Angelo F. Taylor (born December 29, 1978) is an American track and field athlete, winner of 400-meter hurdles at the 2000 and 2008 Summer Olympics. His personal record for the hurdles event is 47.25 seconds.  His time puts him in a tie with Félix Sánchez for the #14 performer of all time. Sánchez also won two Olympic gold medals, in 2004 between Taylor's two golds and 2012, immediately following. Taylor also has a 400-meter dash best of 44.05 seconds, ranking him as the #25 performer of all time, superior to any other athlete who has made a serious effort in the 400 metres hurdles. He won the bronze medal in the 400 m at the 2007 World Championships in Athletics.

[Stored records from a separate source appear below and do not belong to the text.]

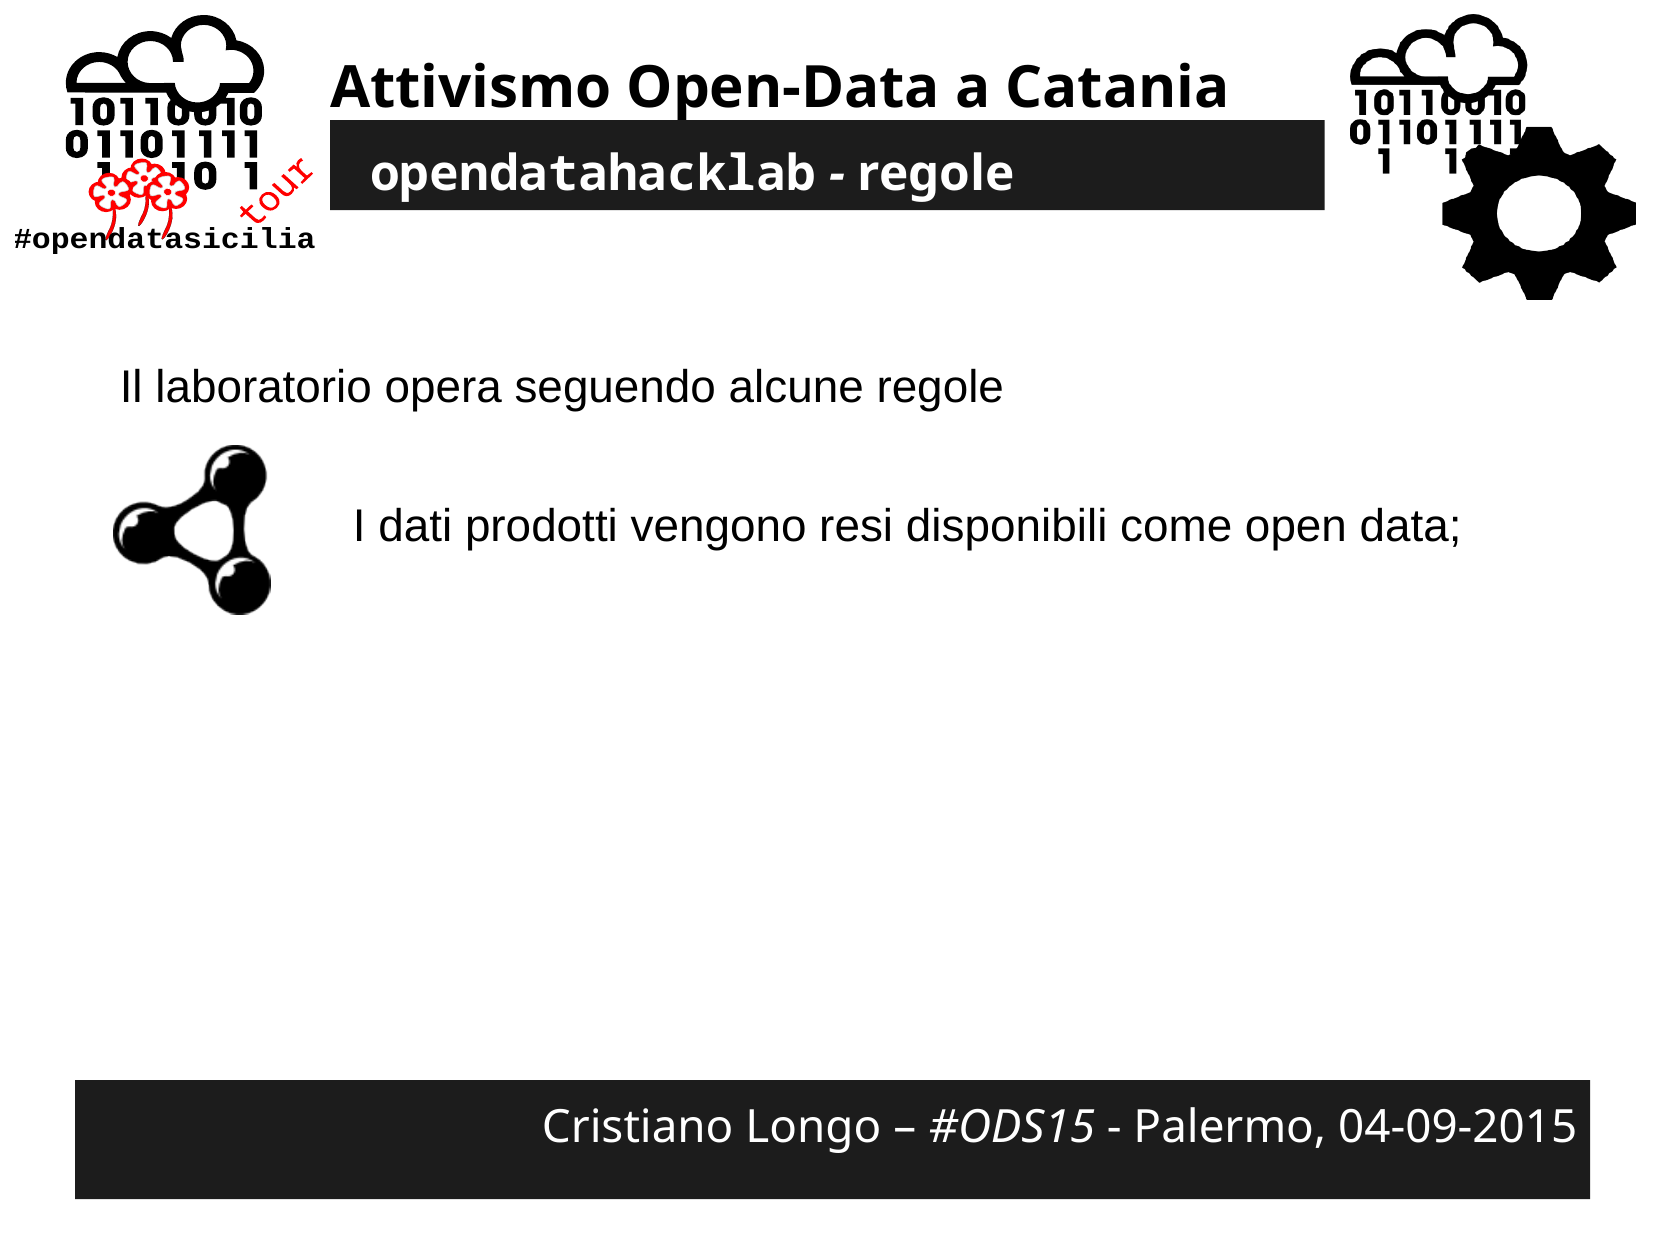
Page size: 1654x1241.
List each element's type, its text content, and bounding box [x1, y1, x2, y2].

picture [113, 445, 271, 616]
picture [15, 15, 316, 256]
text_box Il laboratorio opera seguendo alcune regole [105, 353, 1591, 421]
list Cristiano Longo – #ODS15 - Palermo, 04-09-2015 [75, 1080, 1591, 1200]
text_box I dati prodotti vengono resi disponibili come open data; [338, 492, 1554, 559]
list Attivismo Open-Data a Catania [330, 45, 1321, 120]
picture [1350, 14, 1636, 301]
list opendatahacklab - regole [330, 120, 1325, 211]
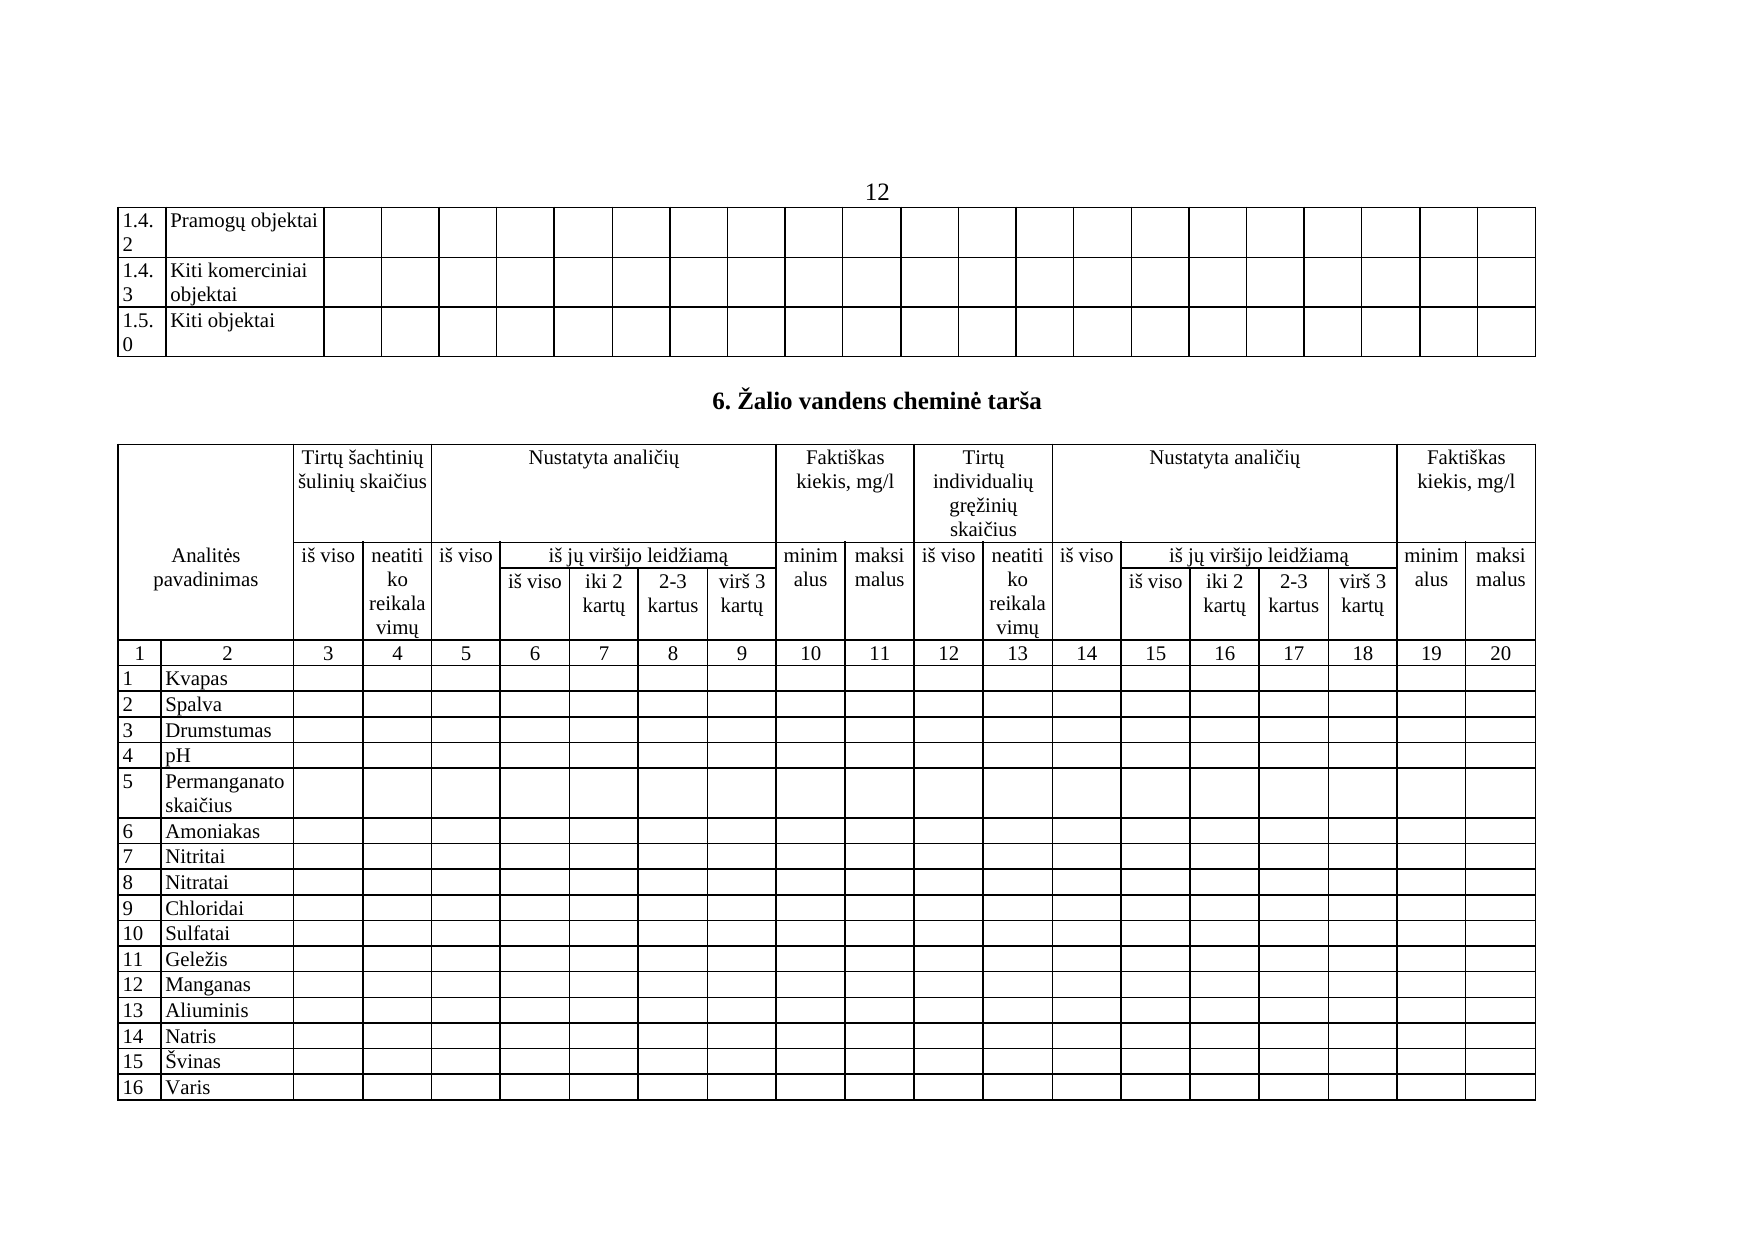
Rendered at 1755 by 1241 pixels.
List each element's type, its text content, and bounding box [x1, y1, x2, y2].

He is a three-time world champion in the 4×400 m relay with the United States (2007, 2009 and 2011), and was also a relay gold medalist at the 2008 Beijing Olympics and silver medalist at the 2012 London Olympics.

Career

Early life
Born in Albany, Georgia, Angelo Taylor studied at the Georgia Institute of Technology and won the NCAA title in 1998 and placed second in 1997. In 1998, Taylor also won a silver medal at the US National Championships. He went on to win the title three times from 1999 to 2001.

Taylor made his debut in a major international meet at the 1999 World Championships, where he finished third in his heat in 400 m hurdles, but ran a third leg at the gold medal winning US 4x400 m relay team.

2000 Olympic champion
In 2000, Taylor ran a world-leading time at the Olympic Trials and entered the Sydney Games as a favorite. In a thrilling final, Taylor moved from fourth place to first over the final two hurdles and barely edged Saudi Arabia's Hadi Souan Somayli by 0.03 seconds in the closest finish in the history of the event. Taylor ran in the heat and semifinal of 4x400 m relay race, the finals team for which won the gold medal. On August 2, 2008, the International Olympic Committee stripped the gold medal from the U.S. men's 4x400-meter relay team, after Antonio Pettigrew admitted using a banned substance. Three of the four runners in the event final, including Pettigrew and twins Alvin and Calvin Harrison, and preliminary round runner Jerome Young, all have admitted or tested positive for performance-enhancing drugs. Only Taylor and world record holder Michael Johnson were not implicated.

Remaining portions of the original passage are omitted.